==== Source material ====
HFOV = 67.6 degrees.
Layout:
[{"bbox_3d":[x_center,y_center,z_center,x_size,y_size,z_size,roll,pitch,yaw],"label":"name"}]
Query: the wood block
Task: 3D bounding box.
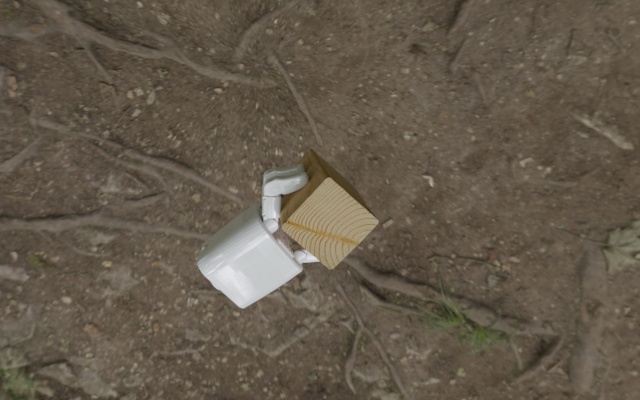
[{"bbox_3d":[0.000,0.003,0.685,0.091,0.090,0.206,42,7,-16],"label":"wood block"}]
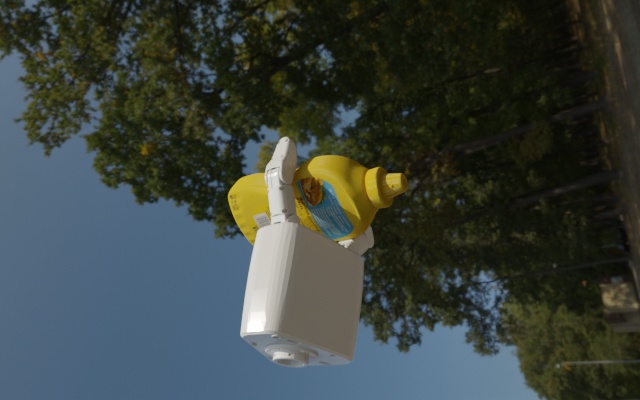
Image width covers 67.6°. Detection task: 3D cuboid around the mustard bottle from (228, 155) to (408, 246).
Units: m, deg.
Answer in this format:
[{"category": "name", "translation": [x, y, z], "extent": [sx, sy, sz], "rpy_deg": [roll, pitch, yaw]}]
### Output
[{"category": "mustard bottle", "translation": [0.000, 0.001, 0.509], "extent": [0.191, 0.096, 0.058], "rpy_deg": [-13, 28, 29]}]
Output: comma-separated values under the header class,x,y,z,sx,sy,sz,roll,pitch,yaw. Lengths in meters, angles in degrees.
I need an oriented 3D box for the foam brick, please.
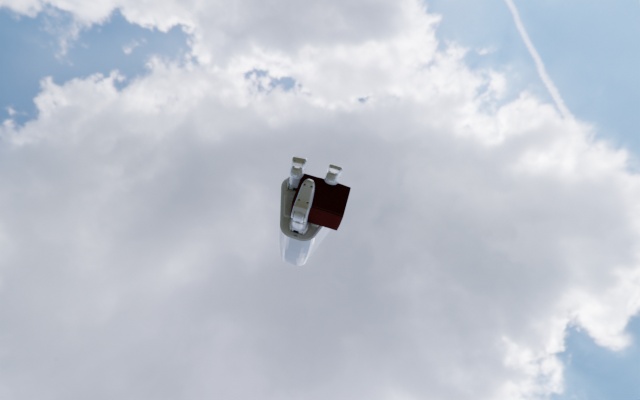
class,x,y,z,sx,sy,sz,roll,pitch,yaw
foam brick,0.000,0.002,0.715,0.078,0.053,0.051,17,-30,3
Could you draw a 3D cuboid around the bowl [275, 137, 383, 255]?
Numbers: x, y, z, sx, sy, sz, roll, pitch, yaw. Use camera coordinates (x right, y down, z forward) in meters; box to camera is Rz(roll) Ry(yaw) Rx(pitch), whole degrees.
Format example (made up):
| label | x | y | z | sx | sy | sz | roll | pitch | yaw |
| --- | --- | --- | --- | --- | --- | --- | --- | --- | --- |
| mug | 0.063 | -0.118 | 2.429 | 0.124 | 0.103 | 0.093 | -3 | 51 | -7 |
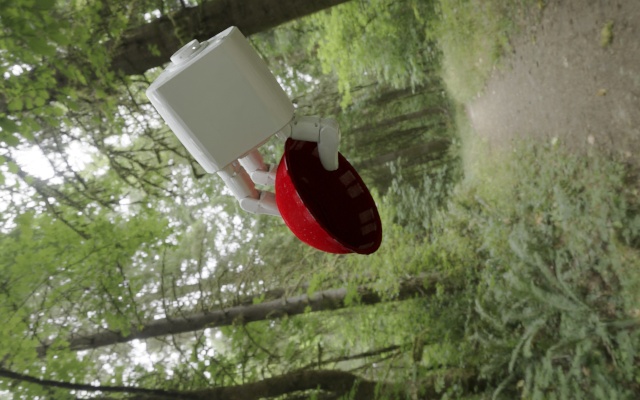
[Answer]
| label | x | y | z | sx | sy | sz | roll | pitch | yaw |
| --- | --- | --- | --- | --- | --- | --- | --- | --- | --- |
| bowl | 0.001 | 0.003 | 0.547 | 0.055 | 0.162 | 0.162 | -36 | -19 | 27 |
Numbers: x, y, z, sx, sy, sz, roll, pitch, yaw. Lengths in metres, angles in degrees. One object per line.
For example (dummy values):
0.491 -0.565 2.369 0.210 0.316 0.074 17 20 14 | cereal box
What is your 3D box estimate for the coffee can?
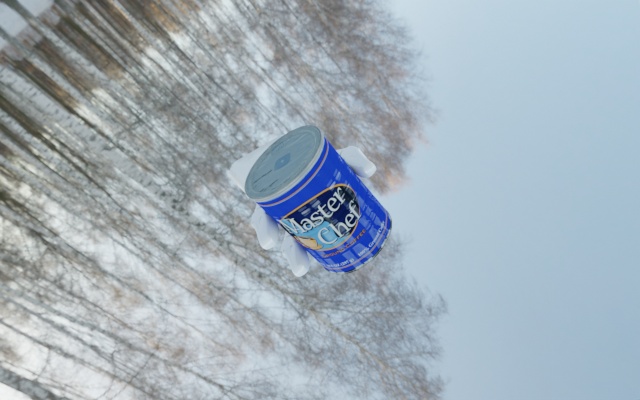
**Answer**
0.000 0.002 0.533 0.103 0.102 0.140 0 -39 49 | coffee can
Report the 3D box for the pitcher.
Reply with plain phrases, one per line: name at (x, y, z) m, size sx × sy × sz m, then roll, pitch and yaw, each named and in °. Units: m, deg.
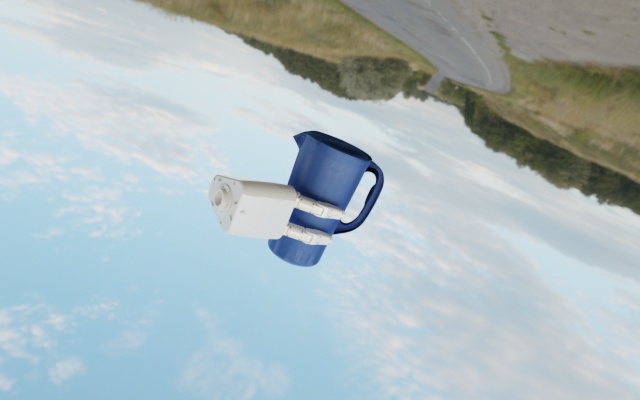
pitcher at (0.000, 0.003, 0.897) m, size 0.145 × 0.243 × 0.149 m, roll 7°, pitch 22°, yaw -42°
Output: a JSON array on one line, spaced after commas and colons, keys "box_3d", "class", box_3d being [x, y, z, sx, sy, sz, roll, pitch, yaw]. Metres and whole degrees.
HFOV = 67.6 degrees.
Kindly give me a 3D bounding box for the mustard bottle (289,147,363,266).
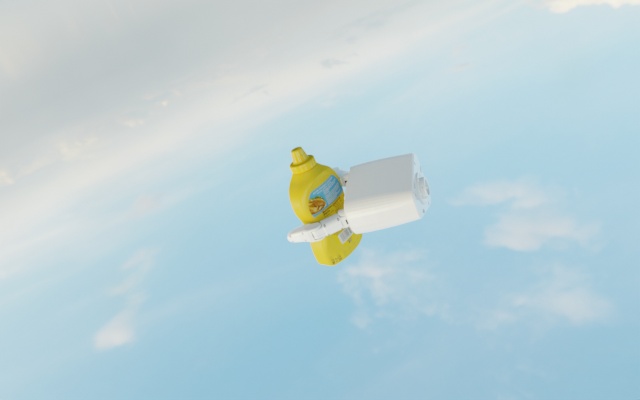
[{"box_3d": [0.000, 0.003, 0.757, 0.058, 0.192, 0.096, 2, 35, 46], "class": "mustard bottle"}]
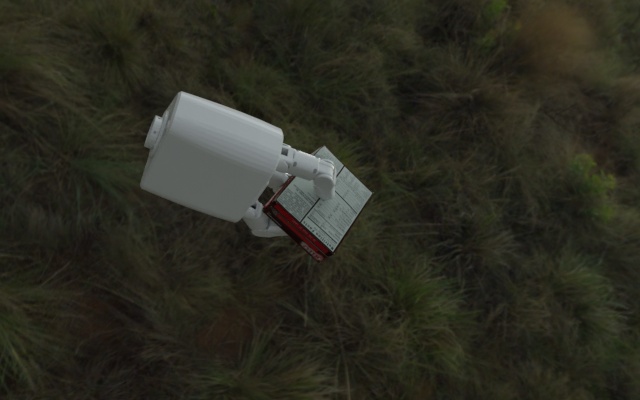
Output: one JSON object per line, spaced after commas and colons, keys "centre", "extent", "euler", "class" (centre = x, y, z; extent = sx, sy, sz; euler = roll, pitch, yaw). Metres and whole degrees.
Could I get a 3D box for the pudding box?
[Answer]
{"centre": [0.000, 0.002, 0.553], "extent": [0.039, 0.090, 0.113], "euler": [-35, 13, 52], "class": "pudding box"}
====
> Task goal:
Only text belongs in the copy: repeat each line of the data exactly and leave out the pictures.

> Exercise output:
HFOV = 67.6 degrees.
Layout:
[{"bbox_3d":[x_center,y_center,z_center,x_size,y_size,z_size,roll,pitch,yaw],"label":"name"}]
Query: the wood block
Task: 3D bounding box.
[{"bbox_3d":[0.000,0.003,0.685,0.091,0.090,0.206,42,7,-16],"label":"wood block"}]
Image width covers 67.6°. Detection task: 3D cuboid around the mustard bottle from (228, 155) to (408, 246).
Units: m, deg.
Answer in this format:
[{"category": "name", "translation": [x, y, z], "extent": [sx, sy, sz], "rpy_deg": [roll, pitch, yaw]}]
### Output
[{"category": "mustard bottle", "translation": [0.000, 0.001, 0.509], "extent": [0.191, 0.096, 0.058], "rpy_deg": [-13, 28, 29]}]
Output: comma-separated values under the header class,x,y,z,sx,sy,sz,roll,pitch,yaw. Lengths in meters, angles in degrees.
I need an oriented 3D box for the foam brick, please.
class,x,y,z,sx,sy,sz,roll,pitch,yaw
foam brick,0.000,0.002,0.715,0.078,0.053,0.051,17,-30,3
Could you draw a 3D cuboid around the bowl [275, 137, 383, 255]?
Numbers: x, y, z, sx, sy, sz, roll, pitch, yaw. Use camera coordinates (x right, y down, z forward) in meters; box to camera is Rz(roll) Ry(yaw) Rx(pitch), whole degrees.
Format example (made up):
| label | x | y | z | sx | sy | sz | roll | pitch | yaw |
| --- | --- | --- | --- | --- | --- | --- | --- | --- | --- |
| mug | 0.063 | -0.118 | 2.429 | 0.124 | 0.103 | 0.093 | -3 | 51 | -7 |
[Answer]
| label | x | y | z | sx | sy | sz | roll | pitch | yaw |
| --- | --- | --- | --- | --- | --- | --- | --- | --- | --- |
| bowl | 0.001 | 0.003 | 0.547 | 0.055 | 0.162 | 0.162 | -36 | -19 | 27 |
Numbers: x, y, z, sx, sy, sz, roll, pitch, yaw. Lengths in metres, angles in degrees. One object per line.
For example (dummy values):
0.491 -0.565 2.369 0.210 0.316 0.074 17 20 14 | cereal box
What is your 3D box estimate for the coffee can?
**Answer**
0.000 0.002 0.533 0.103 0.102 0.140 0 -39 49 | coffee can
Report the 3D box for the pitcher.
Reply with plain phrases, one per line: name at (x, y, z) m, size sx × sy × sz m, then roll, pitch and yaw, each named and in °. Units: m, deg.
pitcher at (0.000, 0.003, 0.897) m, size 0.145 × 0.243 × 0.149 m, roll 7°, pitch 22°, yaw -42°
Output: a JSON array on one line, spaced after commas and colons, keys "box_3d", "class", box_3d being [x, y, z, sx, sy, sz, roll, pitch, yaw]. Metres and whole degrees.
HFOV = 67.6 degrees.
Kindly give me a 3D bounding box for the mustard bottle (289,147,363,266).
[{"box_3d": [0.000, 0.003, 0.757, 0.058, 0.192, 0.096, 2, 35, 46], "class": "mustard bottle"}]
Output: one JSON object per line, spaced after commas and colons, keys "centre", "extent", "euler", "class" (centre = x, y, z; extent = sx, sy, sz; euler = roll, pitch, yaw). Metres and whole degrees.
Could I get a 3D box for the pudding box?
[Answer]
{"centre": [0.000, 0.002, 0.553], "extent": [0.039, 0.090, 0.113], "euler": [-35, 13, 52], "class": "pudding box"}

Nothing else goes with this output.